Evaluation of lamination materials in zero-speed sensorless controlled induction machine drives

Abstract

Control of induction machines without mechanical sensors has gained more and more interest in the past years. Different methods for sensorless control have been proposed in literature recently. The performance of methods, which are based on fundamental wave models of the machine deteriorate at low frequency. To guarantee a stable operation, even at zero fundamental electrical frequency, it is thus necessary to exploit parasitic effects of the machine, which are not visible in normal operation of the drive. All proposed zero-speed methods have in common, that they need an additional excitation of the machine in order to make parasitic saliencies visible.

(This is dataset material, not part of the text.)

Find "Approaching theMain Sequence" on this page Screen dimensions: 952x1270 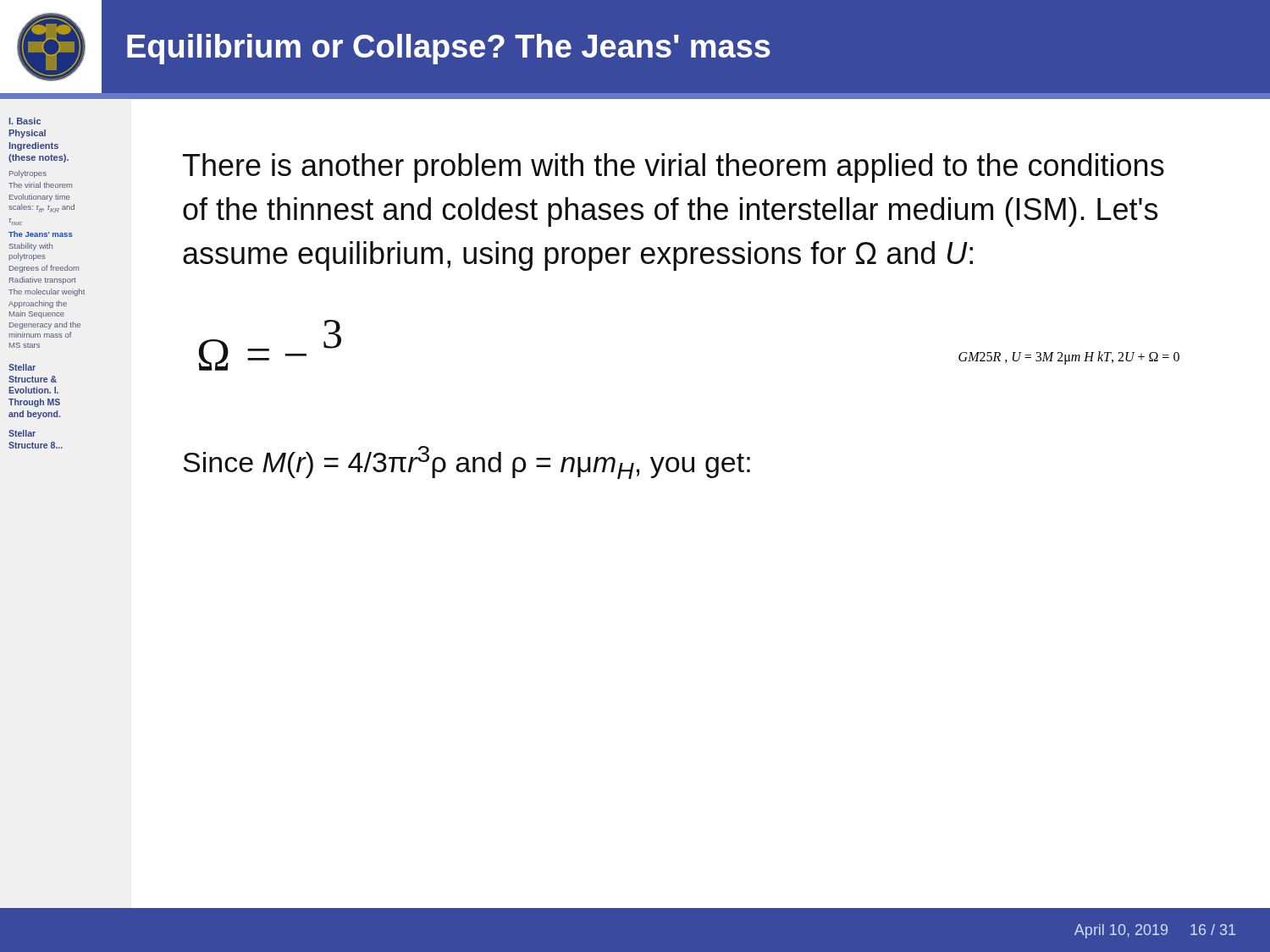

This additional excitation can be a high frequency current or voltage signal of some hundred Hz which is superposed to the fundamental wave, and which may be a rotating or pulsating signal. Another way of excitation can be realised by applying voltage test pulses to the terminals of the machine. These voltage pulses may be either separated from the fundamental wave PWM or they may be integrated into the current control scheme. All mentioned methods evaluate the high frequency current or voltage response of the machine in order to extract a flux- or rotor-position signal. It is thus important to consider the high frequency properties of the lamination sheet when designing a sensorless controlled drive. In this paper, a sensorless control method using voltage test pulses is applied to different induction machines, all with the same winding scheme and lamination design, but with different lamination materials. Thus the materials influence on the sensorless control is evaluated by comparing the different machines control signals. In addition, all machines are equipped with measurement coils at different spots of the machine which enable a comparison of the transient flux linkage change along the air gap of the machine.